From the listing below, copy only the lines running from the line that contains "#2 pallet truck at [1116, 343, 1253, 484]" to the line that contains "#6 pallet truck at [1221, 330, 1379, 456]", both included.
□ □ □ □
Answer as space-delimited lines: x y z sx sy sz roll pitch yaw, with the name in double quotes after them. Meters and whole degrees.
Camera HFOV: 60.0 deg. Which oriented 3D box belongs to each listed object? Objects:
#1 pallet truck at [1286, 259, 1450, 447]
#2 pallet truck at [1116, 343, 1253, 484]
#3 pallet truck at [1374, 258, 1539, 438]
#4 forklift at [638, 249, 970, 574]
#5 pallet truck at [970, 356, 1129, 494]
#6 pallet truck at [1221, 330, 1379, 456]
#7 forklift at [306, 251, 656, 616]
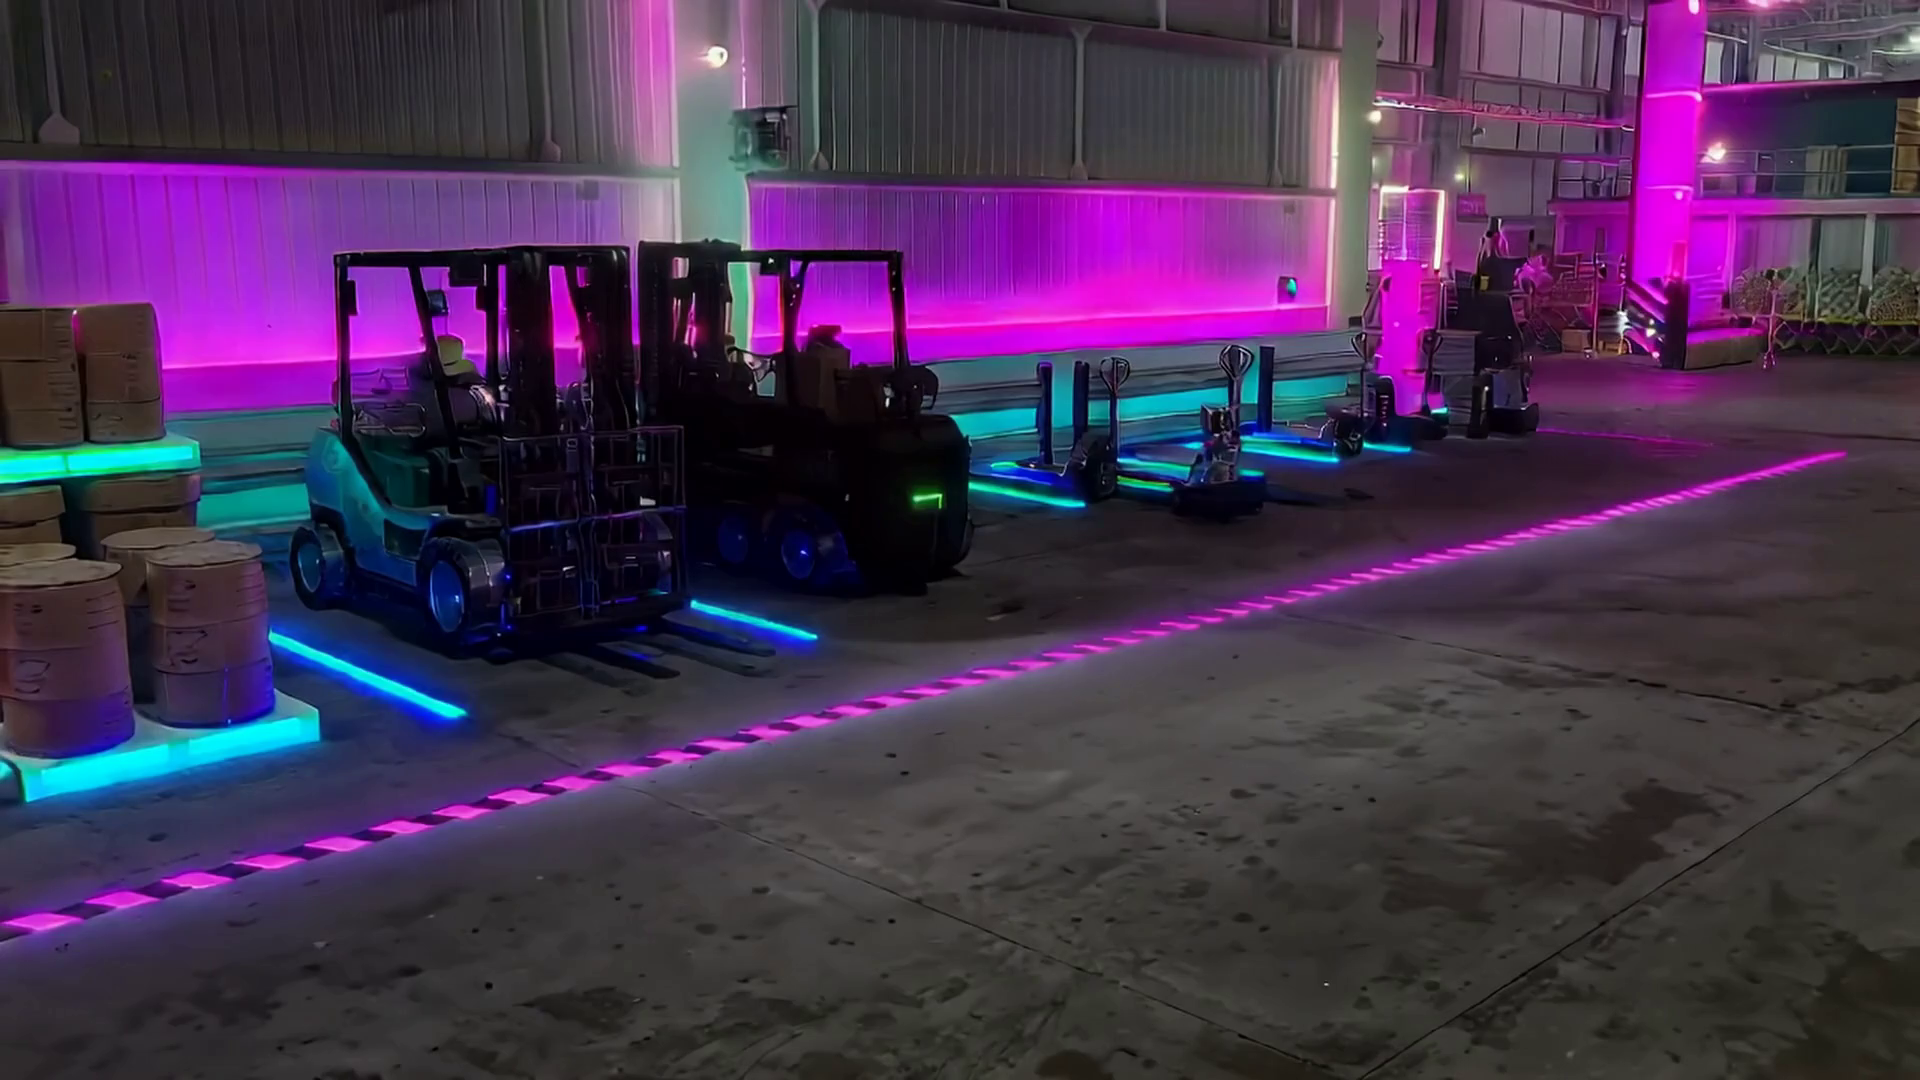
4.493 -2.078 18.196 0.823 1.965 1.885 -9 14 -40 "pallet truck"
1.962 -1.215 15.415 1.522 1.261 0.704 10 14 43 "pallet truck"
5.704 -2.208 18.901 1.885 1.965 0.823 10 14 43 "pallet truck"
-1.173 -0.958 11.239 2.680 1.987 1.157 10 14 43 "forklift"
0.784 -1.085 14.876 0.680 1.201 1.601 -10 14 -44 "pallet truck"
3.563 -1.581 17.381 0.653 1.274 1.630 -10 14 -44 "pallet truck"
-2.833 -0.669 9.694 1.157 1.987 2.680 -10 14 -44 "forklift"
□ □ □ □
**Result of the exercise:**
#2 pallet truck at [1116, 343, 1253, 484]
#3 pallet truck at [1374, 258, 1539, 438]
#4 forklift at [638, 249, 970, 574]
#5 pallet truck at [970, 356, 1129, 494]
#6 pallet truck at [1221, 330, 1379, 456]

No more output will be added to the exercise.